━━ Input data
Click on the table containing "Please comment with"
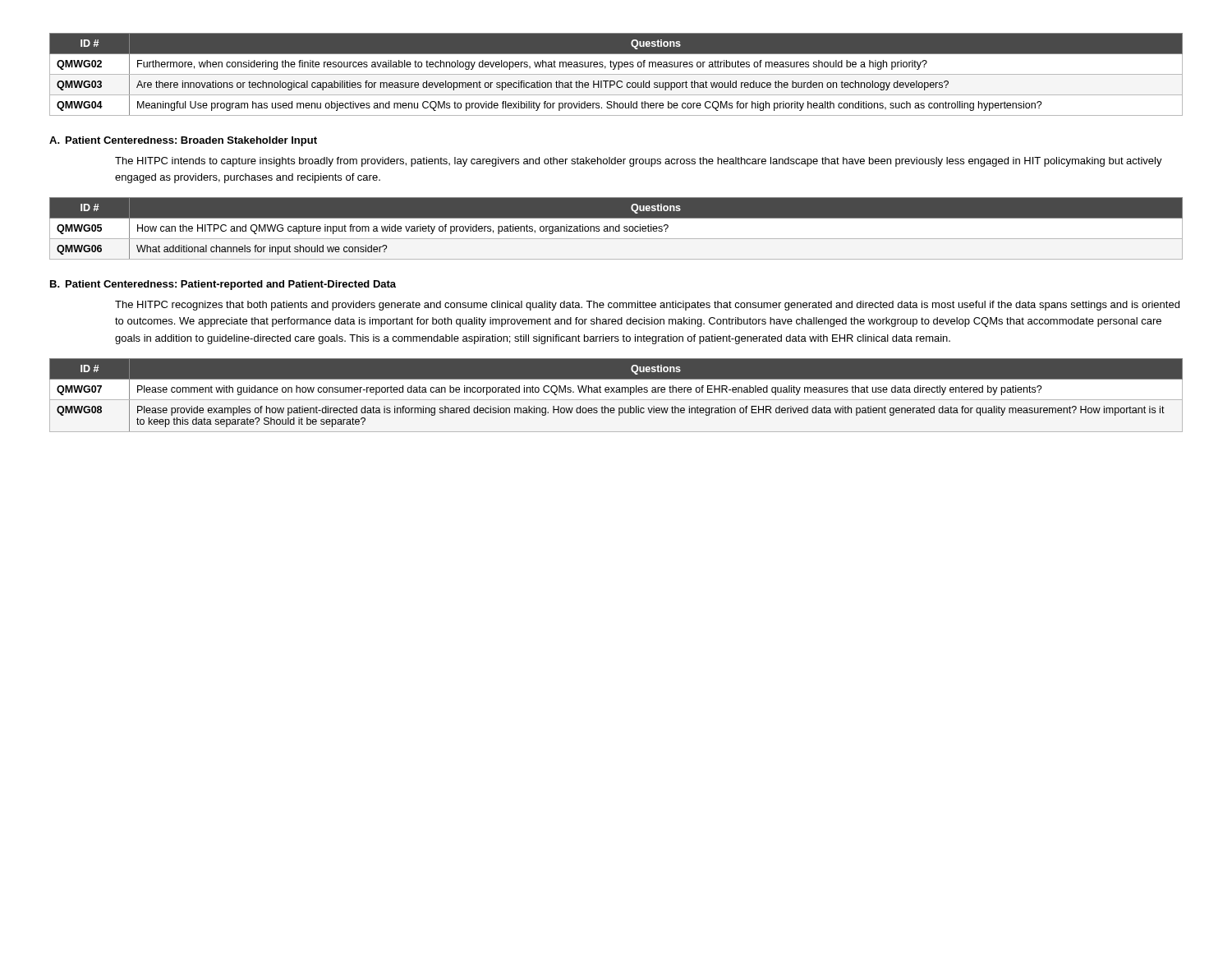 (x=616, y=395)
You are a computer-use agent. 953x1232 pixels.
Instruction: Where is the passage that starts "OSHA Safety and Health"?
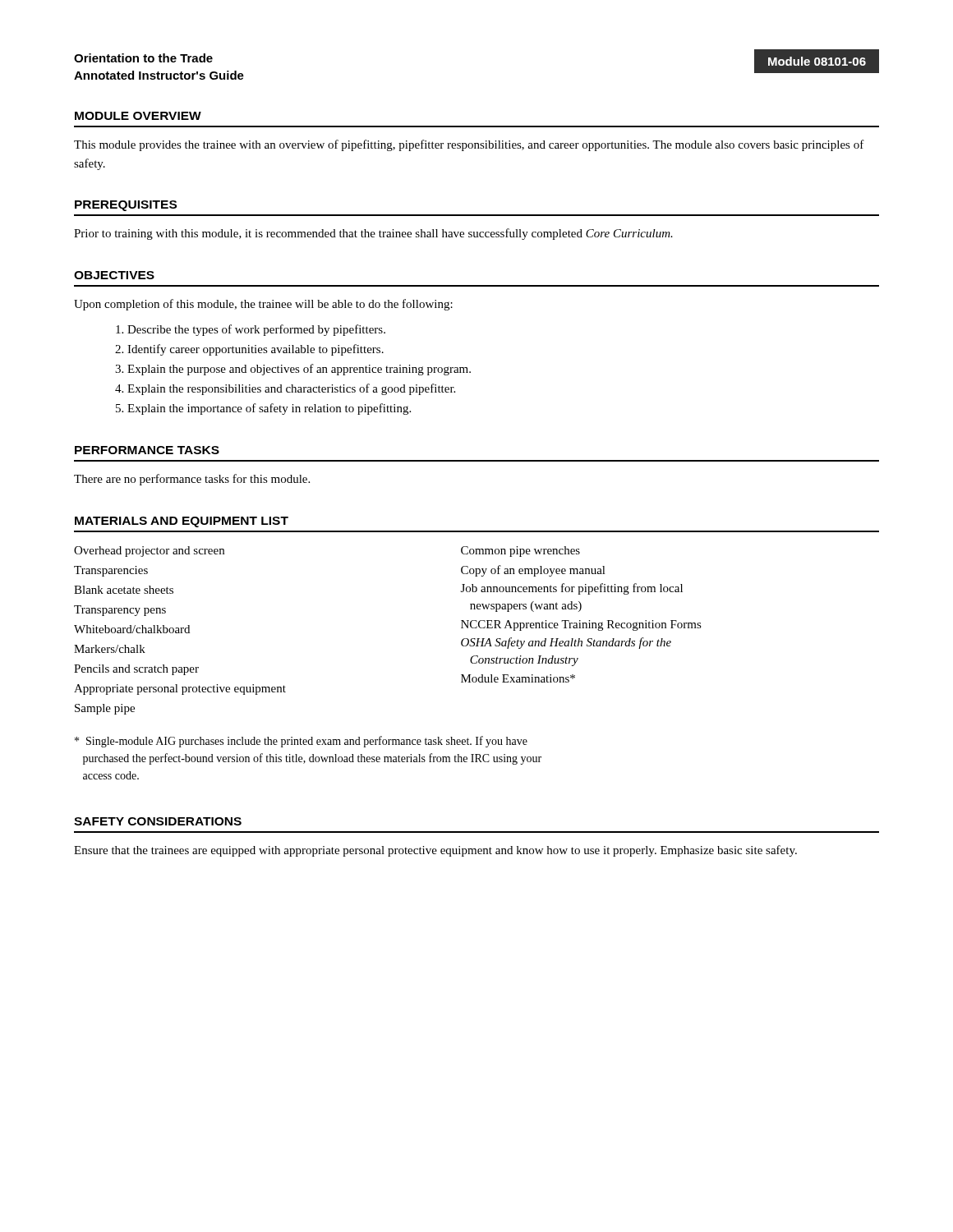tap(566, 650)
━━━━
Instructions for the task: Repeat all of the records verbatim, leaving out the pictures.

Solution for this task:
Click on the table containing "Please comment with"
 (x=616, y=395)
You are a computer-use agent. 953x1232 pixels.
Instruction: Where is the passage that starts "OSHA Safety and Health"?
tap(566, 650)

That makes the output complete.